Before going deeper and comparing the advantages and disadvantages of the two frameworks and when to use what, let us first try and understand a few concepts from definitions. This section is by no means exhaustive and might require additional reading before one can gain a complete understanding.

Concurrency

No it doesn’t mean things should run in parallel. It means that if you were to break a program into smallest of fragments and execute these out of order, the results would be same.

This implies that individual operations should be stateless. (From the point of REST api, we can say that each request in a very simple service should not change the state (or behavior) of the service itself. - It can make changes to the database or some other external service though, which makes the overall application stateful)

This is different from parallel execution though, which means that two operations happen at the same time, in different CPUs. Concurrency means that the operations doesn’t necessarily execute in parallel (at the same time). Wiki

Scala Futures

Futures are a way of defining a particular set of operations which will produce an output at a later stage after it has been executed as part of a different thread. The calling thread is not blocked during the execution of the Future. Futures allows us to define call backs where we can pass functions which will get executed after a future has been completed.

For a future to be executed we must define an execution context (or have it as an implicit). This is an abstraction over creating a Thread and running it. It offers a way to write cleaner code which abstracts out the creation and termination of Threads from the user.

Akka Actors

Actor model is a programming model which is used to implement concurrency. Actors mean the isolation of state into different components and each component communicating with others using message passing over a queue. In the world of Akka and Scala, we must keep the following properties in mind:

  • Actors have a mutable state stored inside the actor.
  • The state is mutated by sending messages. Thus an actor has a mailbox where messages come, and by default it is a java ConcurrentLinkedQueue. There can be other mailboxes as well.
  • The order of messages decides the order of execution. Remember, you are queueing your messages in a ConcurrentLinkedQueue for your Actor.
  • Processing of messages for one instance of the actor does not happen in parallel. It is concurrent by definition, not parallel. (This is the default behavior. Note that one mailbox can be shared by multiple instances of the same actor if configured - but that is not the default - and this needs a routing actor, which routes the messages to various instances of the actor, and this scheduling can be configured too.)
  • There is no shared mutable state across (different instances of) actors. Actors are self contained in their states.
  • Actors have hierarchy. Execution and state of actors are supervised by a supervisor actor.
  • Consumption of a message by an actor is determined by when the actor executes, this is in turn governed by the dispatcher or the execution context.
  • When an actor is scheduled to run, it gets a thread from the dispatcher and the thread for an actor is not reserved.
  • Akka doesn’t provide guarantees on messages being consistent, and messages can be dropped if the mailbox is full.

Thus we define actor as a state store that can be mutated by passing messages to it. It is definitely not some container for a deterministic stateless function which should be called for a response.
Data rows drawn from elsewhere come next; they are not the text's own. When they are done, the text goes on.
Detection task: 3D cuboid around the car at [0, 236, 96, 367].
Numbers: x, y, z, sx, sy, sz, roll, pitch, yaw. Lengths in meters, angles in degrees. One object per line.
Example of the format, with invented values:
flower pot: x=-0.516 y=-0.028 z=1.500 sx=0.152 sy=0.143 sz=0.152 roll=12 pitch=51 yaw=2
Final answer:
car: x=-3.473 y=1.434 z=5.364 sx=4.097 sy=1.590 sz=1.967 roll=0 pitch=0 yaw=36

Why? Because that is what an object or a static function is used for. Since the function is deterministic, it doesn’t change the state of an Actor, and can be called in parallel from different threads, it doesn’t need to be concurrent.

Akka Streams

Streams are a model of programming which is very functional in nature. It starts with having an input and making it flow through a series of operators or functions on the stream and producing an output. One example of streaming is the Unix | (pipe) operator.
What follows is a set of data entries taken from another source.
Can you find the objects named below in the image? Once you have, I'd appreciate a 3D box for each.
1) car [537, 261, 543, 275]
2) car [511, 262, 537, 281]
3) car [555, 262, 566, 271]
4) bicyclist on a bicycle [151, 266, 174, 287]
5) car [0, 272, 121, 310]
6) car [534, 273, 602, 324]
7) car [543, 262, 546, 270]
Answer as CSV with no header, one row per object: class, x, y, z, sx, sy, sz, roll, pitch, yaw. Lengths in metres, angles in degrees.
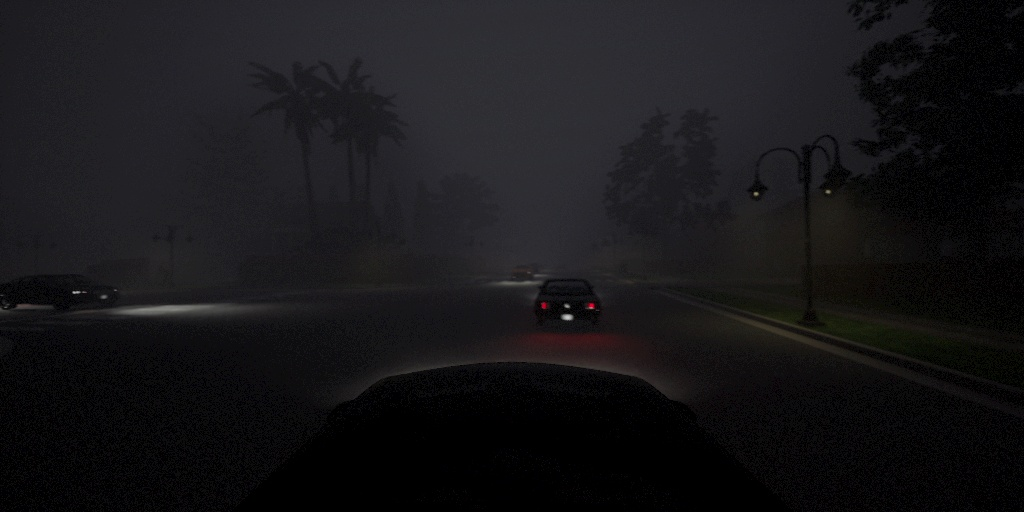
car,2.654,1.613,46.599,1.837,1.490,4.892,-1,0,8
car,1.075,1.508,34.717,1.882,1.535,5.008,-1,-1,8
car,8.072,1.650,59.563,1.812,1.442,4.674,-1,-1,7
bicyclist on a bicycle,-27.073,1.584,27.786,0.582,1.620,1.656,-1,0,8
car,-20.656,1.596,16.372,4.902,1.511,2.128,-1,0,8
car,1.827,1.397,12.137,1.895,1.301,4.718,-1,0,8
car,5.104,1.703,64.499,1.882,1.535,5.008,-1,-1,8

In most Http Servers that we build, we essentially write the function which maps requests to the responses. In most frameworks like Spring Boot or other MVC frameworks, one thread used to apply the transformation from a HttpRequest to a HttpResponse for every request to the server.

Akka Streams provide an abstraction over the Akka Actor model specifically in a way where we write the functions to be chained and executed on an input to produce an output.
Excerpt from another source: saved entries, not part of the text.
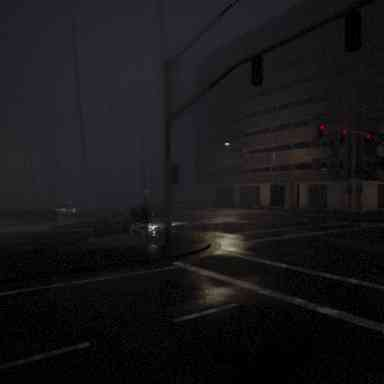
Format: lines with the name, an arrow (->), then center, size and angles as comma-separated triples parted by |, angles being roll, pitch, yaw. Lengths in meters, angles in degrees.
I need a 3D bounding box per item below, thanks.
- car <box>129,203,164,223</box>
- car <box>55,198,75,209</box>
car -> -3.455, 1.630, 26.727 | 1.812, 1.442, 4.674 | 0, 1, -35
car -> -18.321, 1.578, 47.709 | 1.812, 1.442, 4.674 | 0, 0, -35

With this we are abstracted out of how the messages should be passed between actors, buffering, back pressure control and other components which largely remain same for most streaming applications using actors. This also helps us define complex transformations expressed as a directed acyclic graph, and not merely a simple function. Akka Streams API allows us to cleanly define async boundaries in a set of operations and create flows without worrying much about concurrency and execution.

Spray IO

Simply put, Spray IO is a framework where you create REST API to talk and interact with Akka Actors. Your Http Routing is always contained within an Actor.

Now since actors execute messages one at a time, it is very good for situations involving reads and writes where there is a state change that needs to be maintained and passed on to the next request.

For situations which need only reads or only writes where each request is truly concurrent, we don’t need Actors.

Akka Http

This is a framework for building Http Servers and Clients based on Akka Streams and Akka Actors.

The primary design change when moving from Spray to Akka Http is that Akka-http is based on Akka Streams and not directly on Akka Actors. Akka Streams internally use Akka Actors but that is an implementation level detail for akka streams.

This essentially means that akka http and spray behave differently even with the same user facing code.

The REST API

With both Spray and Akka Http, defining REST apis is fairly simple. We define the route and then bind it to the port. It then starts accepting connections and responds. But there are a lot of differences in its implementations.

Spray

We define the “route” as a trait extending HttpService of Spray Routing. This route is evaluated for each request to Spray. As an example lets see the following:

Source code is here

For the purpose of examples in this post we would use a server which takes in a String and returns all possible permutations of the characters in the String.

I choose this function for this example because it has a time complexity of O(n!) which increases to a very high value with a small change in the input.

// Spray Routing trait
trait RestService extends HttpService with JsonSupport {
  implicit val log: LoggingAdapter
  implicit val executionContext: ExecutionContext

  val route =
    pathSingleSlash {
      get {
        complete {
          ServiceStatus("OK", "Welcome to Spray IO Rest Service")
        }
      }
    } ~ pathPrefix("sync") {
      pathPrefix("permutations") {
        get {
          parameters('string.as[String]) { (inputString) =>
            complete {
              new Permutations(inputString)
            }
          }
        }

      }
    }
}

Now we need to define our Router Actor, and override the receive method, to reply with the route that we have defined in our Service trait.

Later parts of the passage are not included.